Article Preview
Top1. Introduction
A key assumption in supervised learning is that the training and the testing data (or operational data) used to train the classifier come from the same distribution. This means that training data is representative and the classifier will perform well on all future unseen data instances. However, if the statistical properties of the target variable, which the model is trying to predict, change over time while the same classifier is still applicable, the prediction will be no longer accurate. In machine learning this phenomenon of change in data distribution over time is known as concept drift (Tsymbal, 2004).

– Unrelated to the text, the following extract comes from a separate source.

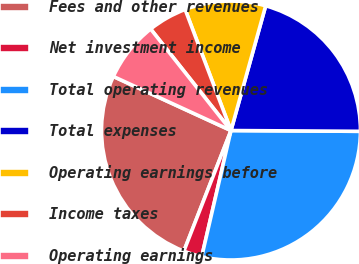<chart> <loc_0><loc_0><loc_500><loc_500><pie_chart><fcel>Fees and other revenues<fcel>Net investment income<fcel>Total operating revenues<fcel>Total expenses<fcel>Operating earnings before<fcel>Income taxes<fcel>Operating earnings<nl><fcel>25.93%<fcel>2.3%<fcel>28.53%<fcel>20.78%<fcel>10.08%<fcel>4.89%<fcel>7.49%<nl></chart>

Concept drift problem have been stated as the tenth challenging problem facing researchers in data mining and machine learning fields (Yang & Wu, 2006).
To show the importance of this problem, assume a data mining application for spam filtering that is developed using the latest generated spam dataset. As this filter adapted to deal with today’s types of spam emails, the spammers will try to bypass the spam filters by disguising their emails to look more like legitimate. So new spam will be generated and the current application will go toward approximation to classify this strange pattern. As time goes by, this will lead to less accurate, poor performance and incorrect knowledge. This dynamic nature of spam email raises a requirement for update in any filter that is to be successful over time in identifying spam (Delany, Cunningham, Tsymbal, & Coyle, 2005).
The main difficulty in mining non-stationary data like spam, intrusion, stock marketing, weather and customer preferences is to cope with the changing of data concept. The fundamental processes generating most real-time data may change over years, months and even seconds, at times drastically. Effective learning in environments with hidden contexts and concept drift requires a learning algorithm that can detect context changes without being explicitly informed about them, recover quickly from a context change and adjust itself to the new context, and can make use of previous experience in situations where old contexts and corresponding concepts reappear (Nishida & Yamauchi, 2009).
In our research, we try to add a contribution to scientific research in solving the problem of concept drift in supervised learning when true labels become known with certain delay. The work presented in this paper is based on training set formation strategy which is reforming the training sets when concept drift is detected. Training set formation methods have an advantages over other adaptivity methods since they do not require complicated parameterization and they can be used for online learning plugging in different types of base classifiers. We can summarize our contribution as:
- •
We introduce Adaptive Training Set Formation for Delayed Labeling Algorithm (SFDL), which is based on selective training set formation. Our proposed solution is considered as the first systematic training set formation approach that take into account delayed labeling problem. Our proposed algorithm can be used with any base classifier without the need to change the implementation or setting of the classifier;
- •
We test our algorithm implementation using synthetic and real dataset from various domains which might have different drift types (sudden, gradual, incremental recurrences) with different speed of change. Experimental evaluation confirms improvement in classification accuracy as compared to ordinary classifier for all drift types.
The rest of the paper is organized as follows: Section 2 presents related work and gives an introductory background to the main topic of this research, namely concept drift problem and detectability of concept drift when labeled is delayed. Section 3 defines training set formation strategy and summarize the main contributions of our research. Section 4 describes our methodology and proposed algorithms. Experimental results discussed in Section 5. Finally Section 6 concludes the paper.